The main types of nonsurgical skin-tightening technologies include radiofrequency, infrared light, ultrasound, microneedling with radiofrequency, and subdermal minimally-invasive radiofrequency.
Treatment protocols have evolved over the years to focus on reduced energy settings and multipass techniques, making the procedures safer and more comfortable for patients.
All skin-tightening devices work by the introduction of energy to create heat within the skin or underlying structures. These devices elicit mechanical and biochemical effects that lead to both immediate contraction of collagen fibers, and delayed remodeling and neocollagenesis via wound healing.
Patient selection is key for best results and overall patient satisfaction.
Ideal candidates for nonablative approaches include those patients concerned with risks and recovery of more invasive procedures, and those willing to accept lesser efficacy in exchange for improved side effect and healing time profiles.
Noninvasive and minimally invasive skin-tightening devices are capable of improving both skin laxity and facial contours. The physician must analyze the patient's three-dimensional facial and neck structures, dynamically and at rest, to determine the regions most amenable to therapy, which typically include the upper face/brow and the lower face/jawline.
Skin-tightening procedures can be performed along with fillers, neurotoxins, or other laser- or light-based devices to address multiple issues and achieve a more global improvement: synergy amongst these modalities leads to enhanced patient satisfaction.

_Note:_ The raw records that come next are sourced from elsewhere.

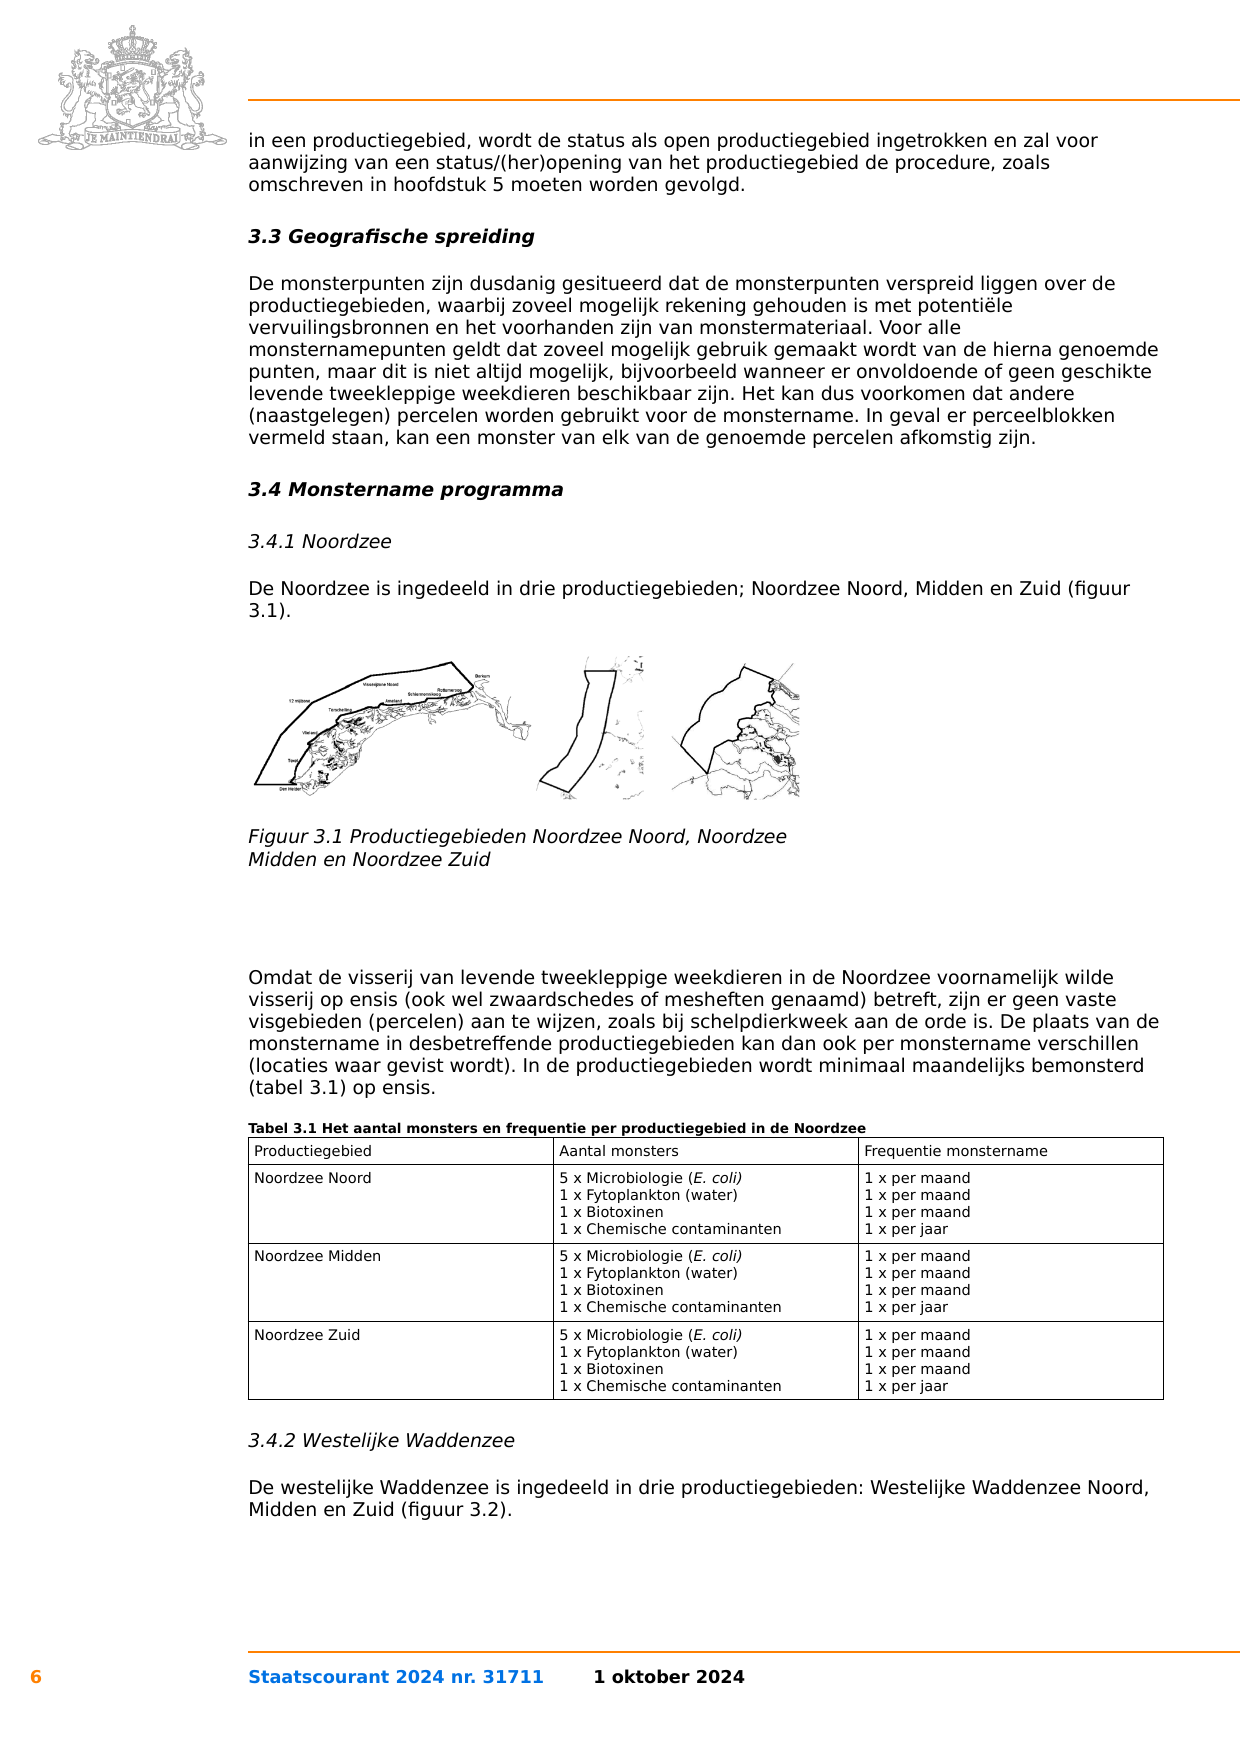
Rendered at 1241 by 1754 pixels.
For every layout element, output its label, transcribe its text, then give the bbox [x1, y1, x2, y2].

table_cell Productiegebied [249, 1138, 553, 1164]
table_cell Frequentie monstername [859, 1138, 1163, 1164]
table_header Tabel 3.1 Het aantal monsters en frequentie per productiegebied in de Noordzee [248, 1121, 1163, 1137]
text Figuur 3.1 Productiegebieden Noordzee Noord, Noordzee Midden en Noordzee Zuid [248, 826, 809, 870]
table_cell Aantal monsters [554, 1138, 858, 1164]
picture [38, 25, 227, 150]
table_cell Noordzee Zuid [249, 1322, 553, 1399]
subtitle 3.4 Monstername programma [248, 479, 1163, 501]
picture [248, 643, 809, 815]
text De monsterpunten zijn dusdanig gesitueerd dat de monsterpunten verspreid liggen over de productiegebieden, waarbij zoveel mogelijk rekening gehouden is met potentiële vervuilingsbronnen en het voorhanden zijn van monstermateriaal. Voor alle monsternamepunten geldt dat zoveel mogelijk gebruik gemaakt wordt van de hierna genoemde punten, maar dit is niet altijd mogelijk, bijvoorbeeld wanneer er onvoldoende of geen geschikte levende tweekleppige weekdieren beschikbaar zijn. Het kan dus voorkomen dat andere (naastgelegen) percelen worden gebruikt voor de monstername. In geval er perceelblokken vermeld staan, kan een monster van elk van de genoemde percelen afkomstig zijn. [248, 273, 1163, 449]
table_cell 5 x Microbiologie (E. coli) 1 x Fytoplankton (water) 1 x Biotoxinen 1 x Chemische contaminanten [554, 1322, 858, 1399]
text Omdat de visserij van levende tweekleppige weekdieren in de Noordzee voornamelijk wilde visserij op ensis (ook wel zwaardschedes of mesheften genaamd) betreft, zijn er geen vaste visgebieden (percelen) aan te wijzen, zoals bij schelpdierkweek aan de orde is. De plaats van de monstername in desbetreffende productiegebieden kan dan ook per monstername verschillen (locaties waar gevist wordt). In de productiegebieden wordt minimaal maandelijks bemonsterd (tabel 3.1) op ensis. [248, 967, 1163, 1099]
table_cell Noordzee Noord [249, 1165, 553, 1242]
text De Noordzee is ingedeeld in drie productiegebieden; Noordzee Noord, Midden en Zuid (figuur 3.1). [248, 578, 1163, 622]
table_cell 1 x per maand 1 x per maand 1 x per maand 1 x per jaar [859, 1165, 1163, 1242]
table_cell 1 x per maand 1 x per maand 1 x per maand 1 x per jaar [859, 1322, 1163, 1399]
text De westelijke Waddenzee is ingedeeld in drie productiegebieden: Westelijke Waddenzee Noord, Midden en Zuid (figuur 3.2). [248, 1477, 1163, 1521]
text in een productiegebied, wordt de status als open productiegebied ingetrokken en zal voor aanwijzing van een status/(her)opening van het productiegebied de procedure, zoals omschreven in hoofdstuk 5 moeten worden gevolgd. [248, 130, 1163, 196]
table_cell 5 x Microbiologie (E. coli) 1 x Fytoplankton (water) 1 x Biotoxinen 1 x Chemische contaminanten [554, 1165, 858, 1242]
subtitle 3.4.1 Noordzee [248, 531, 1163, 553]
subtitle 3.3 Geografische spreiding [248, 226, 1163, 248]
table_cell 1 x per maand 1 x per maand 1 x per maand 1 x per jaar [859, 1244, 1163, 1321]
subtitle 3.4.2 Westelijke Waddenzee [248, 1430, 1163, 1452]
table_cell Noordzee Midden [249, 1244, 553, 1321]
table_cell 5 x Microbiologie (E. coli) 1 x Fytoplankton (water) 1 x Biotoxinen 1 x Chemische contaminanten [554, 1244, 858, 1321]
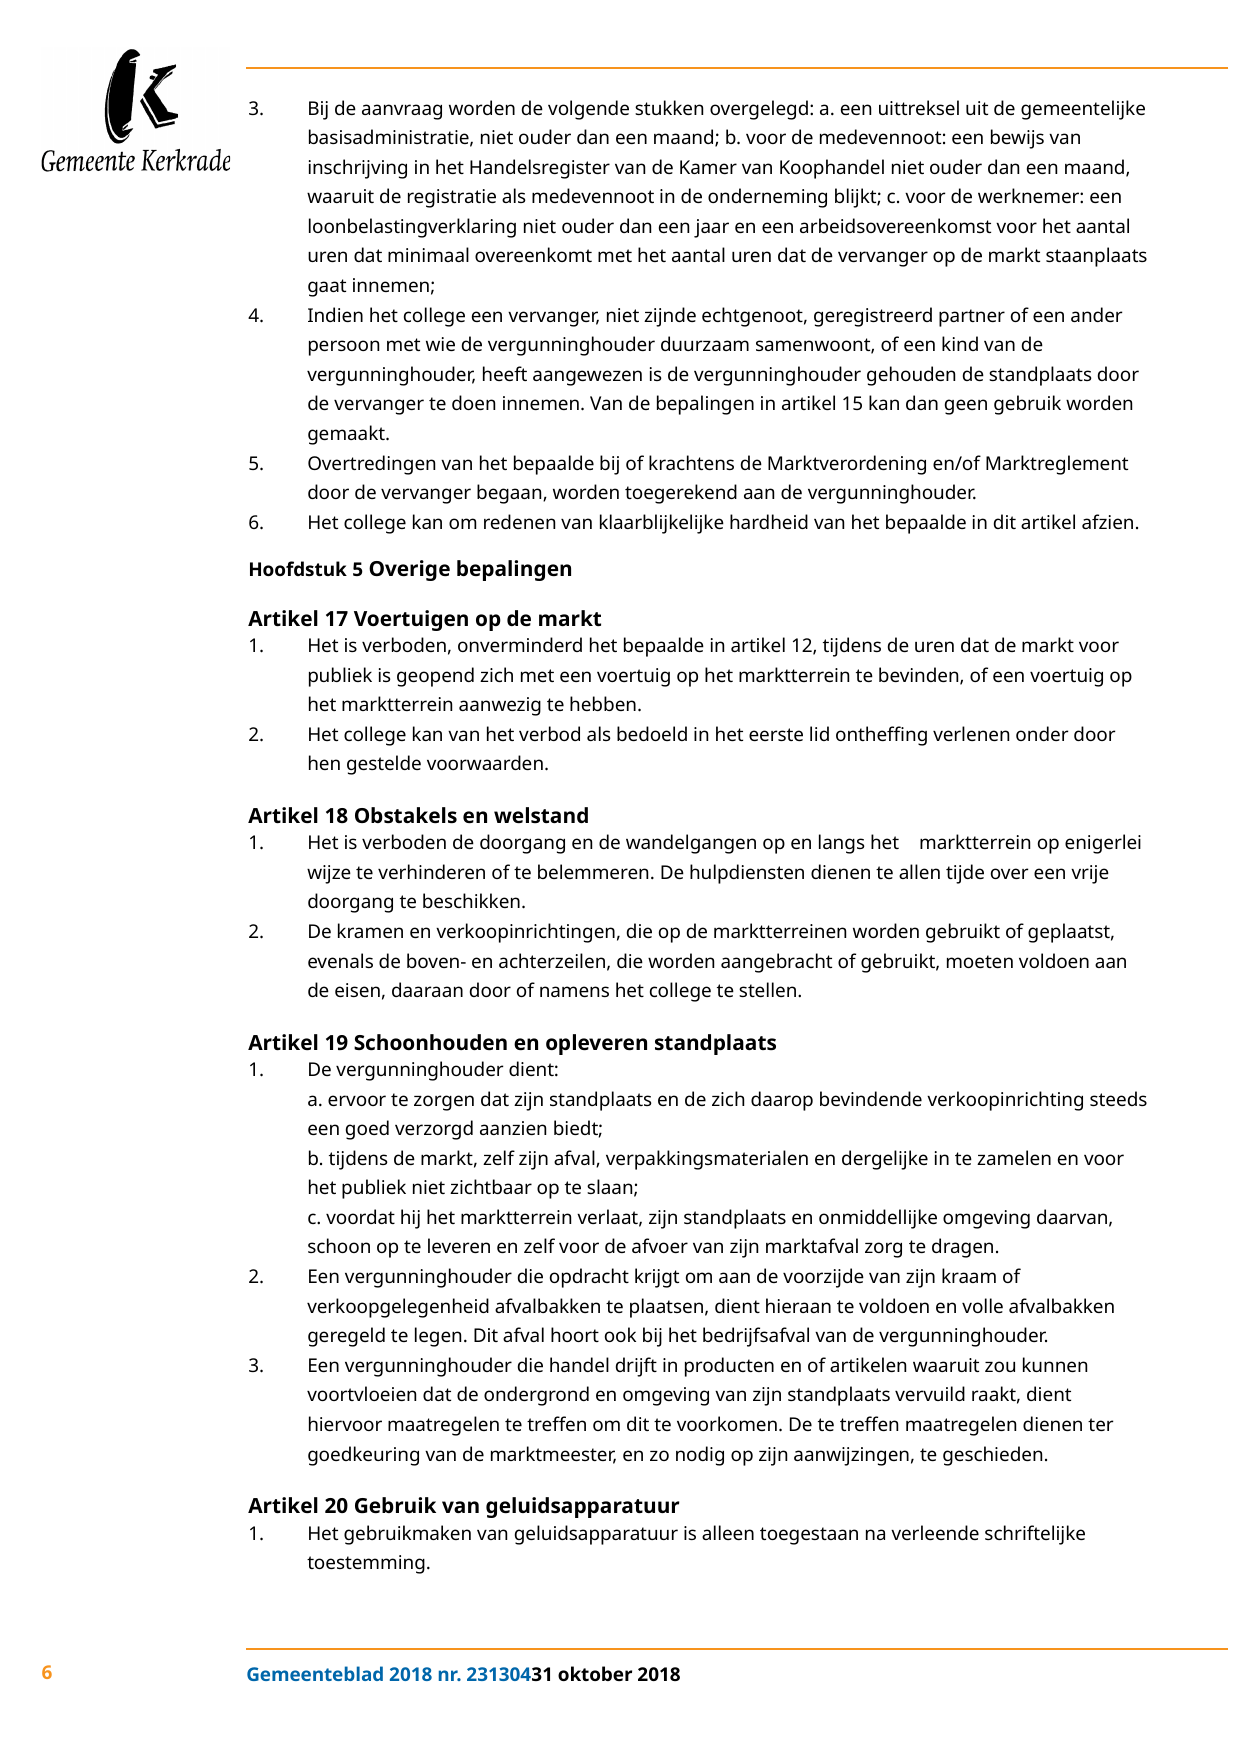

Very rarely patients may experience side effects related to overly-aggressive treatment, such as burns, indentations, scars, or changes in pigmentation. The overall incidence of such problems is extremely low with all current devices, owing to updated and improved protocol trends, the use of lower energies, and regular patient feedback as a guide to safe energy delivery.
The appearance of rhytides and skin laxity are near certainties during the aging process. A number of modalities have been used to reduce these phenomena, including laser, mechanical, and surgical techniques. In the mid to late 1990, ablative resurfacing lasers were deemed the gold standard for facial skin tightening. Despite substantial clinical benefits, the technology was beset with significant downtime, and an increased risk of side effects, including erythema, permanent pigmentary changes, infection, and scarring. Patients are now more accustomed to procedures with both reduced downtime and sufficient clinical improvement. This has led to a burgeoning number of nonablative technologies with little to no recovery time and a more favorable risk–reward profile. Unlike ablative lasers, nonablative technologies induce thermal injury to the dermis or subcutaneous tissues, without epidermal vaporization. Epidermal protection is customarily achieved through the use of adjunctive surface cooling.
In terms of skin laxity, specifically, the benchmark remains rhytidectomy or surgical redraping. The goal of this chapter is to review the major types of minimally invasive or nonablative, tissue-tightening techniques, including radiofrequency-, light-, and ultrasound-based devices ( Table 7.1 ). These options are not a replacement for surgical procedures, and appropriate patient selection remains key to overall satisfaction.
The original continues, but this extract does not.